Task description
Extract, in full, the lines below, beginning at the first and ending with the line that contains "16) books (810, 512, 827, 550)". Pictures do not belong in the copy.

***** Given information

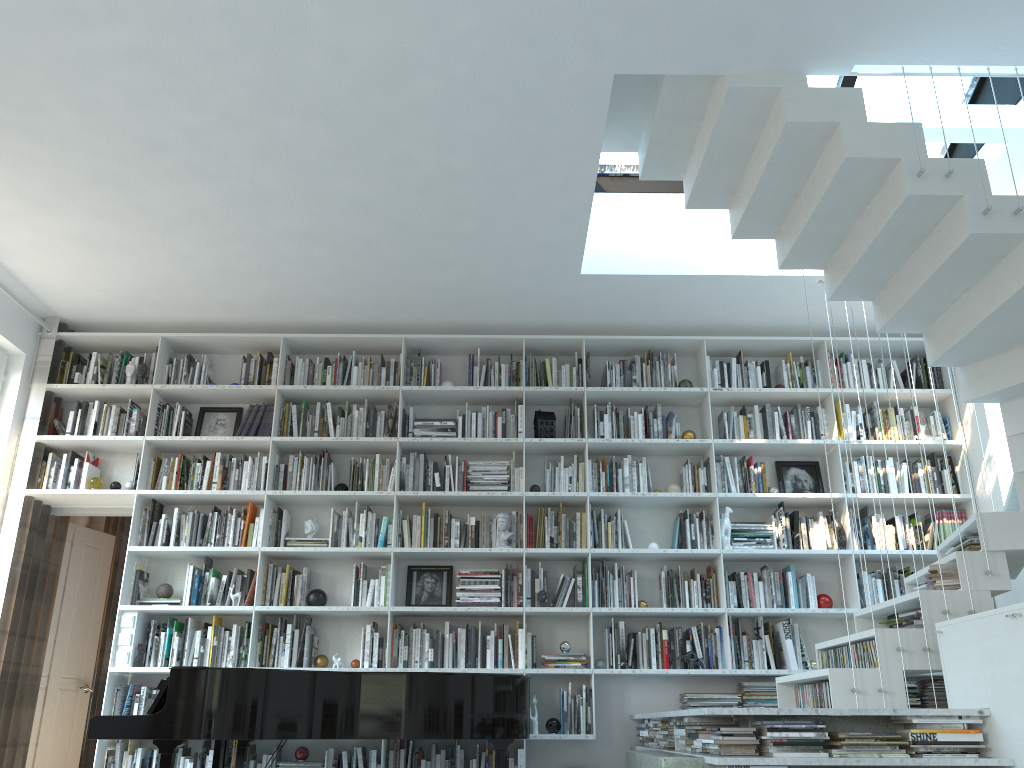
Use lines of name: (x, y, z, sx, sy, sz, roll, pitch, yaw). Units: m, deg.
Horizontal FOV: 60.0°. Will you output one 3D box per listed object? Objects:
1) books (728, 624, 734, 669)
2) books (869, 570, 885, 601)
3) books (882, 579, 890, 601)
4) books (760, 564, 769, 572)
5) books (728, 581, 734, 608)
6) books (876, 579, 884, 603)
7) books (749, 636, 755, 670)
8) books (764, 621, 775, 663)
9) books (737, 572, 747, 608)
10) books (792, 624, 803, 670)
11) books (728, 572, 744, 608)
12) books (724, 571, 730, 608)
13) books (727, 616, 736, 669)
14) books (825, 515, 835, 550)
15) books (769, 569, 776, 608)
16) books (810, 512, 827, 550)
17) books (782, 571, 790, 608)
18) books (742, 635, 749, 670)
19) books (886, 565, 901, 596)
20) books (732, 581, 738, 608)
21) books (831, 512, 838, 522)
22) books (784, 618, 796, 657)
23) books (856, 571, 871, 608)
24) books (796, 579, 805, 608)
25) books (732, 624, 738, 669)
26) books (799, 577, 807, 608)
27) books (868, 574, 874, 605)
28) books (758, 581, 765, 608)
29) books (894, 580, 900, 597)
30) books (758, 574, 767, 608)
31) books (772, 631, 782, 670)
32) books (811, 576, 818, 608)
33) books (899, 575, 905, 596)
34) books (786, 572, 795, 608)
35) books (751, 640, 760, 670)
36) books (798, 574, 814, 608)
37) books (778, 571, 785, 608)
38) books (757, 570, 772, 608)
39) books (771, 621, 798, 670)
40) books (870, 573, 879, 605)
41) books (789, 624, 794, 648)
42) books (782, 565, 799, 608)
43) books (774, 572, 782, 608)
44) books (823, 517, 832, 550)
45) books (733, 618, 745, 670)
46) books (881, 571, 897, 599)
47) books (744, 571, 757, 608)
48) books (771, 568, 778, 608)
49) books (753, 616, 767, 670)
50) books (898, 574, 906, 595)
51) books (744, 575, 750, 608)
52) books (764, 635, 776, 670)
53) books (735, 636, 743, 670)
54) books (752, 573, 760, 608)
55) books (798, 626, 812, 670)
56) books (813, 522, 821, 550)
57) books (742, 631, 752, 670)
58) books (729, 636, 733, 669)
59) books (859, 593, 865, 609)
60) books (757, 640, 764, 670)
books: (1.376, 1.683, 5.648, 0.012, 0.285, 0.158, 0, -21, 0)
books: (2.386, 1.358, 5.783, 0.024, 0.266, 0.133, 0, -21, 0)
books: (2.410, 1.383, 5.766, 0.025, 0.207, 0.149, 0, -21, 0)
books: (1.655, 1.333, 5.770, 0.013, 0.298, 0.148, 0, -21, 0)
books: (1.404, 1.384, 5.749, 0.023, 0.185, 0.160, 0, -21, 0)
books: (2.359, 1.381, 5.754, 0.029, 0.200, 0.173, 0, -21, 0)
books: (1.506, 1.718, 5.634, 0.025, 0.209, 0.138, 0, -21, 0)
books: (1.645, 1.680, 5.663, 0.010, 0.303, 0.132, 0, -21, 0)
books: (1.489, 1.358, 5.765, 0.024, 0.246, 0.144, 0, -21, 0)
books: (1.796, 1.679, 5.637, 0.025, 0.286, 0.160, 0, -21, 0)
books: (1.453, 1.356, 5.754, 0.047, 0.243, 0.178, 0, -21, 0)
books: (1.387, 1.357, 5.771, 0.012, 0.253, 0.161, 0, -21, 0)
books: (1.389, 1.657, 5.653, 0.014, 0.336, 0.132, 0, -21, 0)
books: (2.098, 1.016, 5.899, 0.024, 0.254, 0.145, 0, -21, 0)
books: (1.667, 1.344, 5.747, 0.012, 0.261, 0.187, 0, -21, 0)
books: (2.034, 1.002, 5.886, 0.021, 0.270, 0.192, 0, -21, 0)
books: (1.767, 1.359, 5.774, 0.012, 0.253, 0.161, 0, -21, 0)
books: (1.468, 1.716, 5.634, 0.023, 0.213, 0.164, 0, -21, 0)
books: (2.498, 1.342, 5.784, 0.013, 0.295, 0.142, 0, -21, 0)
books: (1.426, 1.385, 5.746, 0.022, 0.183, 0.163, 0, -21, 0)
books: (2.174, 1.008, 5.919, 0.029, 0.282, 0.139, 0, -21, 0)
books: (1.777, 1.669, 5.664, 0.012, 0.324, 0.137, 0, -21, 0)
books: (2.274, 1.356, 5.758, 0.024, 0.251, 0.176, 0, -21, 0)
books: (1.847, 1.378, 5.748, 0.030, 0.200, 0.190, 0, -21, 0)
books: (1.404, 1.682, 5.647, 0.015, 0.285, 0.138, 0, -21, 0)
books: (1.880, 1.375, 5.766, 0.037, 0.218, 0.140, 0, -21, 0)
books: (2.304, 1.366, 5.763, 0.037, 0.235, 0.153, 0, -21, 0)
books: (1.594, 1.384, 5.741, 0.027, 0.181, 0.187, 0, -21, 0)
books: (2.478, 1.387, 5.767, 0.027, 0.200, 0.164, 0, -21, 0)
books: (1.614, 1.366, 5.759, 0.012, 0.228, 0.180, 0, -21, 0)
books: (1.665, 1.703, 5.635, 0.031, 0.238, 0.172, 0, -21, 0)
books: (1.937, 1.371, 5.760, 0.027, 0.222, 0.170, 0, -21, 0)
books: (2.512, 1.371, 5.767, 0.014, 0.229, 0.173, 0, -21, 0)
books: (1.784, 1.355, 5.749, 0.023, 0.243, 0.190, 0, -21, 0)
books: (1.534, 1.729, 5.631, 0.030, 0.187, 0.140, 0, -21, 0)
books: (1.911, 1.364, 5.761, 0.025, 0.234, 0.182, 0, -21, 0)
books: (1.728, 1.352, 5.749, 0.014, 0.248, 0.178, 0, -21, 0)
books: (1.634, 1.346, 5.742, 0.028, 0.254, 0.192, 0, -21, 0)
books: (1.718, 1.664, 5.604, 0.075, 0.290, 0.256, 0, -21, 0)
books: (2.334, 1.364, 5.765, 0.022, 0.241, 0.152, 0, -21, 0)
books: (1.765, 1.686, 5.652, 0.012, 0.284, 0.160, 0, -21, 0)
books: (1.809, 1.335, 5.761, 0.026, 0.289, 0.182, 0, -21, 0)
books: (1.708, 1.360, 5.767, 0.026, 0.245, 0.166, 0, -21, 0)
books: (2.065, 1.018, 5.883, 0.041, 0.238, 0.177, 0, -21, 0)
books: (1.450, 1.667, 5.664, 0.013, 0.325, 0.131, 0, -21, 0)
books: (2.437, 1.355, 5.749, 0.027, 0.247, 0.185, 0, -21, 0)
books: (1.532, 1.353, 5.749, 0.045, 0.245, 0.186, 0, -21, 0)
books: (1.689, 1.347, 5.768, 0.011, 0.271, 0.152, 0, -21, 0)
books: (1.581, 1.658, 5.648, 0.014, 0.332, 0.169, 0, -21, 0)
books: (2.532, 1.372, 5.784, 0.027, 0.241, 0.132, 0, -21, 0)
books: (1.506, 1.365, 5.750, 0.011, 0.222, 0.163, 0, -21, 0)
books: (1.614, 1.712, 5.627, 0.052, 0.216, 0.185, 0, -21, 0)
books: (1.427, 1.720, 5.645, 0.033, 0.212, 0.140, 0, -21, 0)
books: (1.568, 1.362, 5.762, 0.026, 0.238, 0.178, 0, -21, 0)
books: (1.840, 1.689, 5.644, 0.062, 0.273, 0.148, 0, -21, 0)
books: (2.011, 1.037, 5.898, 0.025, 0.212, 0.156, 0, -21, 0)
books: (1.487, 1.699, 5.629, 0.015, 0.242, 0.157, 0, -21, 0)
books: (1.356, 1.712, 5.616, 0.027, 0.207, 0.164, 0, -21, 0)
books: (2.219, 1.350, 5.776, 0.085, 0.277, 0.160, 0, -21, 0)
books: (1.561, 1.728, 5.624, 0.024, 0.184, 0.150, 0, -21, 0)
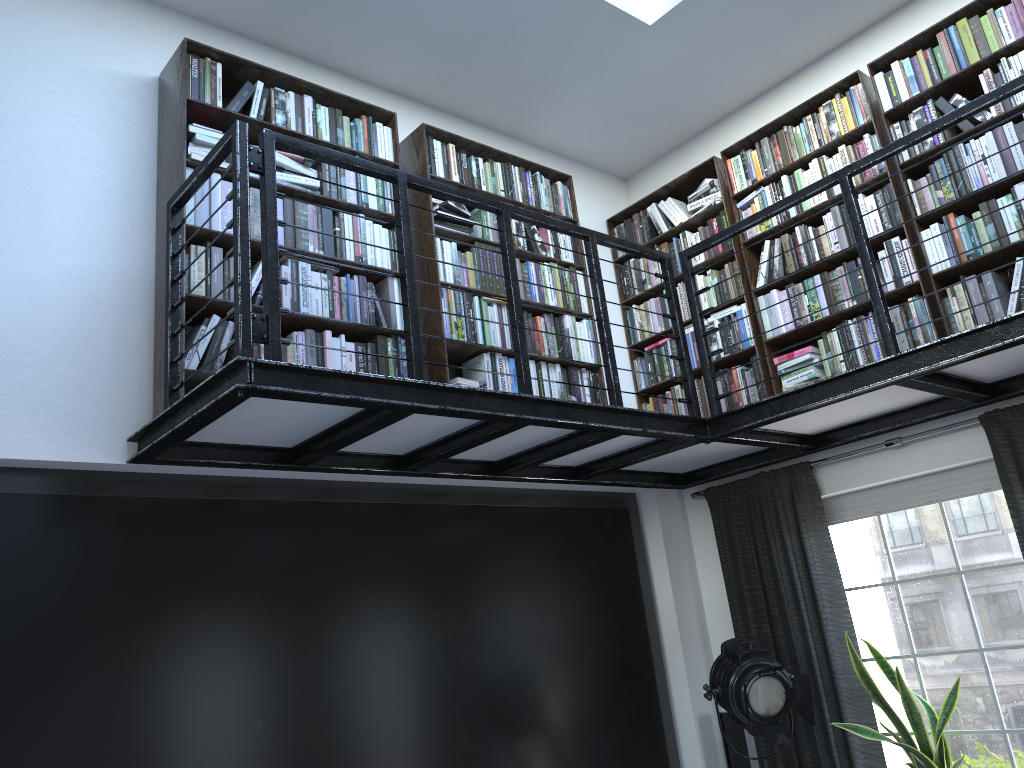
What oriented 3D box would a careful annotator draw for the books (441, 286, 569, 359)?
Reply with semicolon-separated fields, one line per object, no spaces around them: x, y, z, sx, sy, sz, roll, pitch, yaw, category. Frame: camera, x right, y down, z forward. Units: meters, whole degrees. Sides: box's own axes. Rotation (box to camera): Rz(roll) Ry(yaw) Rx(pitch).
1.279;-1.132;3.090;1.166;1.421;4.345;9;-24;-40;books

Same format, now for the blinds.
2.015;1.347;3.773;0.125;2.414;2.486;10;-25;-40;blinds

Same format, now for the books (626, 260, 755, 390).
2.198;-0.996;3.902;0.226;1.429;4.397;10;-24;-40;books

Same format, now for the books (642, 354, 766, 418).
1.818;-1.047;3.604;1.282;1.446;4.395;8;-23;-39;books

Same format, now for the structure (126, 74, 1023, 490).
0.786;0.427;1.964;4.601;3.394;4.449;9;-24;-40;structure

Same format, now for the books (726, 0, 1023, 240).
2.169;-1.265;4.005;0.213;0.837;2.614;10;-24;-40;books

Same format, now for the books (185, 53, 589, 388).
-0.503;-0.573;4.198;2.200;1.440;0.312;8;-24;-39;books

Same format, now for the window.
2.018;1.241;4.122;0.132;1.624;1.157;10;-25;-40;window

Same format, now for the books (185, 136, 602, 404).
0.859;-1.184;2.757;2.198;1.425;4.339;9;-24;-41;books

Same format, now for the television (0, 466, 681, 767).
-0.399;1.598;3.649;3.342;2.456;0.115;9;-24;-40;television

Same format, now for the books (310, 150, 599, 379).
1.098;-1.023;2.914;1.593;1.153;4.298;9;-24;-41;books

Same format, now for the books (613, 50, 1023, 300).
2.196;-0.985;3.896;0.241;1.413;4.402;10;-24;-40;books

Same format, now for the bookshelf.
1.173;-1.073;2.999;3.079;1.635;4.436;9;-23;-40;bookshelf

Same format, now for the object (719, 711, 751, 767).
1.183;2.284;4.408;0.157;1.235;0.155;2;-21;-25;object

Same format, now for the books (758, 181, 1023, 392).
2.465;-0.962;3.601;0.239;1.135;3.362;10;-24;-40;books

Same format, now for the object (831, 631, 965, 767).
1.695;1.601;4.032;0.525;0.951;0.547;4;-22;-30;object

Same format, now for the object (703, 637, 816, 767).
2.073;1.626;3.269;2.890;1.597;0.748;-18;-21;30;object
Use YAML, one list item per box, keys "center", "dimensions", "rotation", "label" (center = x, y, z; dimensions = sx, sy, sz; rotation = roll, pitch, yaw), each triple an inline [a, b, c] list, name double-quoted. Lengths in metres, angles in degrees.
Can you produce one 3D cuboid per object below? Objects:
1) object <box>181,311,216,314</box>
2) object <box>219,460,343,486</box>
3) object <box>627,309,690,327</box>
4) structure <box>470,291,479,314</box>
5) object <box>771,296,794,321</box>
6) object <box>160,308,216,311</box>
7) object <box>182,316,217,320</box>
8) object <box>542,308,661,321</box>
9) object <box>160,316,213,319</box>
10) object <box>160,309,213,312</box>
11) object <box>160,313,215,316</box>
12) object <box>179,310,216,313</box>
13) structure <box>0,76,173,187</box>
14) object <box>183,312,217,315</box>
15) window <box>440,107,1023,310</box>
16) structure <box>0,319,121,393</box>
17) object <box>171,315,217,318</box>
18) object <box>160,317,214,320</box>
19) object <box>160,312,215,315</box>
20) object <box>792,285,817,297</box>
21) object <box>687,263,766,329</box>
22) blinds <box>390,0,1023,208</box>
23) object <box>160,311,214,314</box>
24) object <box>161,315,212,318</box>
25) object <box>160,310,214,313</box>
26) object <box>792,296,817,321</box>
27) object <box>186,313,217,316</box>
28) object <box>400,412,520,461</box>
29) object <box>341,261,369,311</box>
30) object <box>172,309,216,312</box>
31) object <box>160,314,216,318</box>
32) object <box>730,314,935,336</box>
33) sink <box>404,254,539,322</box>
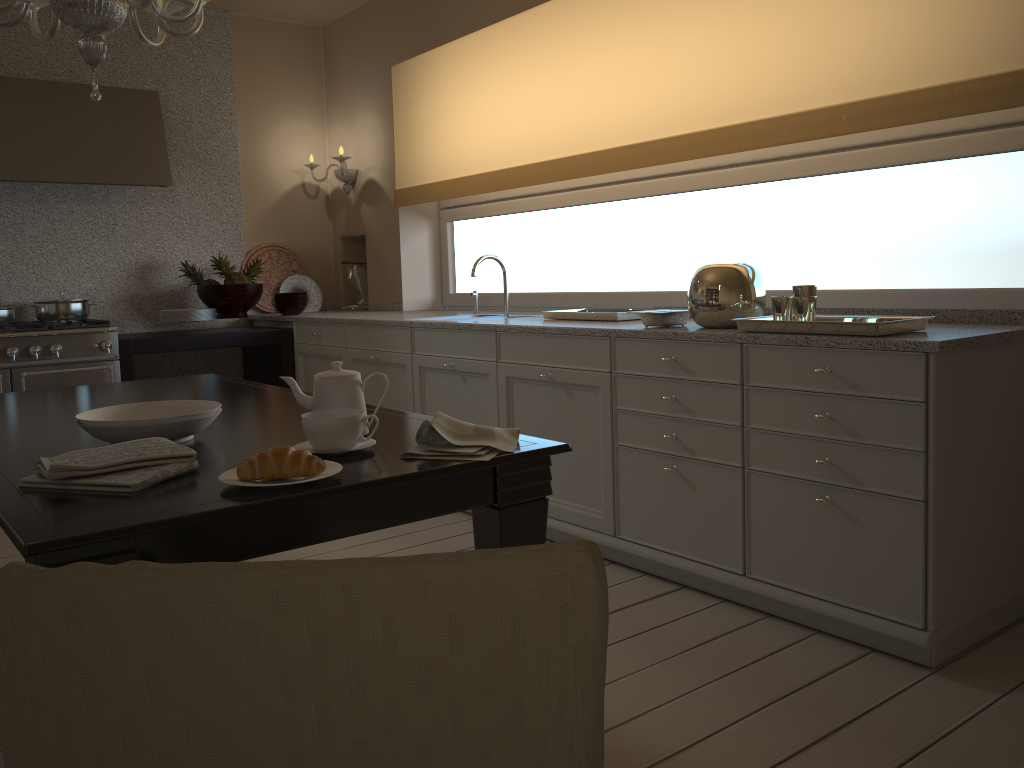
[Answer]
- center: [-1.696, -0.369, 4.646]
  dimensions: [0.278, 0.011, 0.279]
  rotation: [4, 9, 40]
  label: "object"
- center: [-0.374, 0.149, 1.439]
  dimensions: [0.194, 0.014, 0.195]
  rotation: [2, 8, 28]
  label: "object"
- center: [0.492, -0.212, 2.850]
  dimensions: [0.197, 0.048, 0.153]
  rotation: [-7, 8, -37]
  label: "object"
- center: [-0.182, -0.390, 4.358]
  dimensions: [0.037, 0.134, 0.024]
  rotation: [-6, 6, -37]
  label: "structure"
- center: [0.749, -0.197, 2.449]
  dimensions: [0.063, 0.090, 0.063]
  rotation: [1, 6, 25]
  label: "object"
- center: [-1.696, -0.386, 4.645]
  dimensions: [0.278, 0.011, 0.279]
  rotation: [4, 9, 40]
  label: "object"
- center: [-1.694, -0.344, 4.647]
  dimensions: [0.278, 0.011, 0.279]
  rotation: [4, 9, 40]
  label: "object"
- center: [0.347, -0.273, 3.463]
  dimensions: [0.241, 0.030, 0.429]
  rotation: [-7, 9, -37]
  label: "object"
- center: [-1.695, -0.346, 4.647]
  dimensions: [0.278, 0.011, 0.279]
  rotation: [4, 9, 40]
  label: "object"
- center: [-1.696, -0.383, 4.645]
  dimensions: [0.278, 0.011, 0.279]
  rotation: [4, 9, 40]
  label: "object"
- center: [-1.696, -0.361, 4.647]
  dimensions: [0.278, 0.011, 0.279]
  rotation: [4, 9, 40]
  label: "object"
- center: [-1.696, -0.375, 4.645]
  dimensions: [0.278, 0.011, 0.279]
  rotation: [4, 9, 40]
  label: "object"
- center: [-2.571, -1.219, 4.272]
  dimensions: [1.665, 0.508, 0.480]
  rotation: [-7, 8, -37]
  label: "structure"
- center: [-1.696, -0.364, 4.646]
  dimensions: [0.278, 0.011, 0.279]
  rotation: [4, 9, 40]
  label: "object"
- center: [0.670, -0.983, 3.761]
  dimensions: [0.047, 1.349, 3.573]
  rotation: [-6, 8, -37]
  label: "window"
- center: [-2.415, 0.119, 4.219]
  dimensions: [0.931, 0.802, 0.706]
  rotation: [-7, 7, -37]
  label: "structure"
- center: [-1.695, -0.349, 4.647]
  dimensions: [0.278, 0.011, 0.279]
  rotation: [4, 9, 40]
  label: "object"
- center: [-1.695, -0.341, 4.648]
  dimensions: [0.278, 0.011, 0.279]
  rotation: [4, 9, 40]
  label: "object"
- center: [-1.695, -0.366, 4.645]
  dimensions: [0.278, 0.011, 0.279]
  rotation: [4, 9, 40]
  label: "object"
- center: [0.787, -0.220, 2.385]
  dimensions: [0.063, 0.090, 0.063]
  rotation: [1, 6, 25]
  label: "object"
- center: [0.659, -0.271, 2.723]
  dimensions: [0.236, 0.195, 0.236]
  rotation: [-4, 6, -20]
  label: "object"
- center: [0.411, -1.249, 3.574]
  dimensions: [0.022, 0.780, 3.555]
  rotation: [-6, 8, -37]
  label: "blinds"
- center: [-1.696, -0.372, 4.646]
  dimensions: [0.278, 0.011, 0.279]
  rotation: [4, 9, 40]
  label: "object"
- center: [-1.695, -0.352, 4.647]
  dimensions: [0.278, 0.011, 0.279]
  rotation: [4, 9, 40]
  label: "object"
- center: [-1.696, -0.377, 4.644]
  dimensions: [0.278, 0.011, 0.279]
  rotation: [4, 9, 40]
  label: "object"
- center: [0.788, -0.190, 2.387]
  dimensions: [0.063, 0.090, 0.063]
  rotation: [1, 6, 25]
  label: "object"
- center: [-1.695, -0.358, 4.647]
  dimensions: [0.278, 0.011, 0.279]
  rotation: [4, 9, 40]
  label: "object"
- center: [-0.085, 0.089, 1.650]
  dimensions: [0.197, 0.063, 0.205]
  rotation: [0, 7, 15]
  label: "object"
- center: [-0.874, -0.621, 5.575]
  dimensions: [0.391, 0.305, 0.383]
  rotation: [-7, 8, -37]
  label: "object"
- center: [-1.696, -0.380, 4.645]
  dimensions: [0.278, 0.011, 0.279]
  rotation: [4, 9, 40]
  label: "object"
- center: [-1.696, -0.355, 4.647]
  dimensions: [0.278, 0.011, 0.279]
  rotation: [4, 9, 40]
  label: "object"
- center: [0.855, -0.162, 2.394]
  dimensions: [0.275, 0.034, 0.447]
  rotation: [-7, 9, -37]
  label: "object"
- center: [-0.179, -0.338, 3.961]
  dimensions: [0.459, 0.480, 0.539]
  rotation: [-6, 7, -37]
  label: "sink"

**********

Reply
Use lines of name: (x, y, z, sx, sy, sz, roll, pitch, yaw). Units: m, deg.
Horizontal FOV: 60.0°. Will you output one 3D box per listed object? Objects:
1) books (728, 624, 734, 669)
2) books (869, 570, 885, 601)
3) books (882, 579, 890, 601)
4) books (760, 564, 769, 572)
5) books (728, 581, 734, 608)
6) books (876, 579, 884, 603)
7) books (749, 636, 755, 670)
8) books (764, 621, 775, 663)
9) books (737, 572, 747, 608)
10) books (792, 624, 803, 670)
11) books (728, 572, 744, 608)
12) books (724, 571, 730, 608)
13) books (727, 616, 736, 669)
14) books (825, 515, 835, 550)
15) books (769, 569, 776, 608)
16) books (810, 512, 827, 550)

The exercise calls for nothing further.